▶ _Task objective_
The answer must be every line of the records below that contains the word "listed", copied out.

Top of Provided data

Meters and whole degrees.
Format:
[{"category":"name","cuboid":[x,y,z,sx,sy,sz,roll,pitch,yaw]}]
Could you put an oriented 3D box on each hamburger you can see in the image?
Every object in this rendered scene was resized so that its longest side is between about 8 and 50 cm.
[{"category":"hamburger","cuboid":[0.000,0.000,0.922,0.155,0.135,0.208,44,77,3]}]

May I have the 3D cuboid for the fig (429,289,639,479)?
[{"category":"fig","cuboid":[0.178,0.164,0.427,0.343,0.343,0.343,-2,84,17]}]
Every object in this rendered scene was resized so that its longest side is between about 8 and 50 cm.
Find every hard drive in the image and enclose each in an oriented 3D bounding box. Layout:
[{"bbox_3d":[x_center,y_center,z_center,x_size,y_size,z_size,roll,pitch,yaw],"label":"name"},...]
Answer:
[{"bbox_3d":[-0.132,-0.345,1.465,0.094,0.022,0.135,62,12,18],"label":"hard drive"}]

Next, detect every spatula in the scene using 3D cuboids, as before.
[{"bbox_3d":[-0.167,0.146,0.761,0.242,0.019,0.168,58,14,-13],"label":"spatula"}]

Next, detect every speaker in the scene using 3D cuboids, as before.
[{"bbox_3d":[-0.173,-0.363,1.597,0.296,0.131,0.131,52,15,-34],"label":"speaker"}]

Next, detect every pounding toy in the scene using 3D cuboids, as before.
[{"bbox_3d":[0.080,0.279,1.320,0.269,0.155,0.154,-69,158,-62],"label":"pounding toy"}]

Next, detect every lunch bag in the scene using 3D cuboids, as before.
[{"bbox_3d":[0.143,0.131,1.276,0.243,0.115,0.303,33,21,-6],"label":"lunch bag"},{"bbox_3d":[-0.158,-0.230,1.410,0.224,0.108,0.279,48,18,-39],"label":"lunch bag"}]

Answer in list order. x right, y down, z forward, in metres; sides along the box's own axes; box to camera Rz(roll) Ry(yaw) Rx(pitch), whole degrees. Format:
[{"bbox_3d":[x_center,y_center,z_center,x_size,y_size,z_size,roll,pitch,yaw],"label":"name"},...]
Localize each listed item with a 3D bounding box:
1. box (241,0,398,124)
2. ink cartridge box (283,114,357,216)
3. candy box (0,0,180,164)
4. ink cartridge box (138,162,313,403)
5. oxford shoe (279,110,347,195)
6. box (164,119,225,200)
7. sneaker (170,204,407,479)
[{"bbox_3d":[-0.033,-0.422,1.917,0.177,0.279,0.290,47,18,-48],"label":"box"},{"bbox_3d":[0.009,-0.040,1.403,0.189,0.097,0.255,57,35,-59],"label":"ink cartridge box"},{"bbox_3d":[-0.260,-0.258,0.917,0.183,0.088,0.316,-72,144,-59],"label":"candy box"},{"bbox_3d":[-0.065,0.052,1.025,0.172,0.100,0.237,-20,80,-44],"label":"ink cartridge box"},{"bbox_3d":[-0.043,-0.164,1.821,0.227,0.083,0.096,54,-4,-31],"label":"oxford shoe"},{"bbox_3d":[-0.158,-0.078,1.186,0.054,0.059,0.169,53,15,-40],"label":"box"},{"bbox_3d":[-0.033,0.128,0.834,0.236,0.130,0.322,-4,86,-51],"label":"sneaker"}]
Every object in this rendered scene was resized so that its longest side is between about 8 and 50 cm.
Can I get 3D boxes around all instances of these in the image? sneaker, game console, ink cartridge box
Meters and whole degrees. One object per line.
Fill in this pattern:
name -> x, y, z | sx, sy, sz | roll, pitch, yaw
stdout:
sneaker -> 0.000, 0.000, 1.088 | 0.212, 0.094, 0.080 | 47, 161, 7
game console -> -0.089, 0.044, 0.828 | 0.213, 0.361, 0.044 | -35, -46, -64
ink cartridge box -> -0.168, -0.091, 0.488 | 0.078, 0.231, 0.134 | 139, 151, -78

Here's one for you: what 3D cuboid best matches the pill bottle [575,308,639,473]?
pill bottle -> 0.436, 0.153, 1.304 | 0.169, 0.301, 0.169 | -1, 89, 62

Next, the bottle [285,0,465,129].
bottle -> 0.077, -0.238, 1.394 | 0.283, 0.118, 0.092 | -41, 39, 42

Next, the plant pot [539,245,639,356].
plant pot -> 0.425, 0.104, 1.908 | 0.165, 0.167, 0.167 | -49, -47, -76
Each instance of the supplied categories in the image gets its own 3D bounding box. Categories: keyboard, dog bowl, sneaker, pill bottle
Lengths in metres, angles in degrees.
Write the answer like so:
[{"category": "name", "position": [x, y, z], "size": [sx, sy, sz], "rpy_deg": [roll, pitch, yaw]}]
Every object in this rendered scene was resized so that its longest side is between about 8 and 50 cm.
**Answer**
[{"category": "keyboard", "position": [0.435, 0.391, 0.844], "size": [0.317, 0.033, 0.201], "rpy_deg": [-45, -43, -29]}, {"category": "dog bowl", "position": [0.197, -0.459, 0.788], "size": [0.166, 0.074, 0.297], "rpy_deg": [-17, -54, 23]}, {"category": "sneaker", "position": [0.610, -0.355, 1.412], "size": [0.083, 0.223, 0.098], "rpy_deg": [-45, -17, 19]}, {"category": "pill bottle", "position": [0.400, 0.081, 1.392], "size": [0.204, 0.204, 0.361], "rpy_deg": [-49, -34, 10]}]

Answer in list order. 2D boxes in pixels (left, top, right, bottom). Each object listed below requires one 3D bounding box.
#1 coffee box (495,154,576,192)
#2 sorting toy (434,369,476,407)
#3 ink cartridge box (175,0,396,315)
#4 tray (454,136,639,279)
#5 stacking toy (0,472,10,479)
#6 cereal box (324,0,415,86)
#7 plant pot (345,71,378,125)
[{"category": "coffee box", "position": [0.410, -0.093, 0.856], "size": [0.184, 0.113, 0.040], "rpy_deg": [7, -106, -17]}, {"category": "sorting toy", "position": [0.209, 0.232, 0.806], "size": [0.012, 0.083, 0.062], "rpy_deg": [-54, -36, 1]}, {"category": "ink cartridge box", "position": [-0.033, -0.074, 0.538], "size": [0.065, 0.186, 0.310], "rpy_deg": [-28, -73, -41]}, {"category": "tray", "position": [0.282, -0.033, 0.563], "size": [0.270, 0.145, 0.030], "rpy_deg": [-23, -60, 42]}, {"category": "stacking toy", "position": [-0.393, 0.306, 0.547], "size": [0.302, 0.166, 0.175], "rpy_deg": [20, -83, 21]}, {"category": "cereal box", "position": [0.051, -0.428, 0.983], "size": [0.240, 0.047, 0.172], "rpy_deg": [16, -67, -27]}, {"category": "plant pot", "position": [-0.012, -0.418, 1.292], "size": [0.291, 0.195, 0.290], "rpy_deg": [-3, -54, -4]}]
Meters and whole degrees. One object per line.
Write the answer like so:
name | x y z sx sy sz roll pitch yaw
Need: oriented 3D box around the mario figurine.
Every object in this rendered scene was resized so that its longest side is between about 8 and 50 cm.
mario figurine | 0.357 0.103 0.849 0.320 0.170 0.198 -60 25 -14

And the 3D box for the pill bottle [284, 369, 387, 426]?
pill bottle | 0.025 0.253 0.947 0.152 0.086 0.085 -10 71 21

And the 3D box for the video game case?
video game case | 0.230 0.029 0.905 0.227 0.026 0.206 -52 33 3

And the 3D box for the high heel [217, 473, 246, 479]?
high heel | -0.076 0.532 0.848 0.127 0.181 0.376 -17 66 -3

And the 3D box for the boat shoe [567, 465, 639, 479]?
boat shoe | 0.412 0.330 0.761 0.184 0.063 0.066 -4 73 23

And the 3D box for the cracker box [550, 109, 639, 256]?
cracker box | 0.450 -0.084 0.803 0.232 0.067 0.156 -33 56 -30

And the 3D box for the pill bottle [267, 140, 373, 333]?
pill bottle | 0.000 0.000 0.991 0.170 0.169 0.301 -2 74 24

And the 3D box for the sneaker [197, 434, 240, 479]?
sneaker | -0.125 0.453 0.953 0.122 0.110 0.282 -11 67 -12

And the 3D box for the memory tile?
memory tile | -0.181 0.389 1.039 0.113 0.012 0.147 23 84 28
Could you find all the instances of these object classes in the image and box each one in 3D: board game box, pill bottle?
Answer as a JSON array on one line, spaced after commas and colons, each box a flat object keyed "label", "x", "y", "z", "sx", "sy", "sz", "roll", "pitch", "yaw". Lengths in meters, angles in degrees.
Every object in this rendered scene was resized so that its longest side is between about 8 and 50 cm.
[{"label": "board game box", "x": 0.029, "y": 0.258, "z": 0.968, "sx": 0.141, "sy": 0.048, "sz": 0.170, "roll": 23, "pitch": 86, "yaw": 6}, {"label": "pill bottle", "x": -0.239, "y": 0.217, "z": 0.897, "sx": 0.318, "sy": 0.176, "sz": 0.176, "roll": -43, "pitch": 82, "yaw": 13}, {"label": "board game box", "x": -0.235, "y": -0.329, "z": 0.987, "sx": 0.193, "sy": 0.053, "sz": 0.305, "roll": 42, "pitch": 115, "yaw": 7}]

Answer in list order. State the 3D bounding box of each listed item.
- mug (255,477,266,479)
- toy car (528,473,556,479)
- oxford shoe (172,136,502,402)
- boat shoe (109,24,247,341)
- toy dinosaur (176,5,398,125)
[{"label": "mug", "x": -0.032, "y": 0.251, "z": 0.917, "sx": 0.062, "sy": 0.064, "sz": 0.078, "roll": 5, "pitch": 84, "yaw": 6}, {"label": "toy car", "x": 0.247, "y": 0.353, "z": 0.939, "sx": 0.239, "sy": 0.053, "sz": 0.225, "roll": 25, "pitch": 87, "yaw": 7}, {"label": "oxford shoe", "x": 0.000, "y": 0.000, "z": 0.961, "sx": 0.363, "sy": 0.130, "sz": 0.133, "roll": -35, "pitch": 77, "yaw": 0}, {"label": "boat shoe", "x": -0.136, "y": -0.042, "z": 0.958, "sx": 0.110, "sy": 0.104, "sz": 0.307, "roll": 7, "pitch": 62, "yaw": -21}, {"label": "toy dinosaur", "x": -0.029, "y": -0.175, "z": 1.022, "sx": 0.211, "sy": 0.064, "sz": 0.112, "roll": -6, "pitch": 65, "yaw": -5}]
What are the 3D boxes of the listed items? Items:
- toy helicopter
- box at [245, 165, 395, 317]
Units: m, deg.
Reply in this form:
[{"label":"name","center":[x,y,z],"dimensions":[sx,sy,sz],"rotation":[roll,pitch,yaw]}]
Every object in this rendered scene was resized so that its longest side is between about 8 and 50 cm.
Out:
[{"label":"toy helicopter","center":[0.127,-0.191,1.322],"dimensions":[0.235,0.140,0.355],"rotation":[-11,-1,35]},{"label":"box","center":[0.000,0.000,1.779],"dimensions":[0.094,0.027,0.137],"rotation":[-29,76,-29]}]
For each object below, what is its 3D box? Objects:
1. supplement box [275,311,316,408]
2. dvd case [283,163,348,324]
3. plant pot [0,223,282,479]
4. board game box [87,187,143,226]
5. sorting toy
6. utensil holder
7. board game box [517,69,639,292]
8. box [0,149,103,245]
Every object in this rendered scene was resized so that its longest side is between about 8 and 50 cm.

Bottom of Provided data

▶ _Solution_
Localize each listed item with a 3D bounding box:
Answer in list order. 2D boxes in pixels (left, top, right, bottom). Each object listed below requires one 3D bounding box.
Answer in list order. State the 3D bounding box of each listed item.
What are the 3D boxes of the listed items? Items:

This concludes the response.